• [INSTRUCTIONS TO FOLLOW]
Everything from the line containing "This view is 67.6° wide." to the final line of the records below should be given again exactly, and nothing else.
----- DATA FOR THE TASK
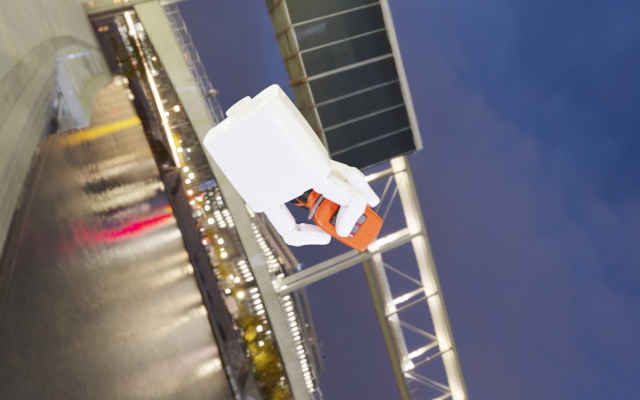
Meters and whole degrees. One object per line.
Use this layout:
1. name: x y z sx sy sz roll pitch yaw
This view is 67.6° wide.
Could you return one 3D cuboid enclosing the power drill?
1. power drill: 0.000 0.002 0.677 0.184 0.057 0.187 33 -1 -40
----------
• [RESULT OF THE EXERCISE]
This view is 67.6° wide.
Could you return one 3D cuboid enclosing the power drill?
1. power drill: 0.000 0.002 0.677 0.184 0.057 0.187 33 -1 -40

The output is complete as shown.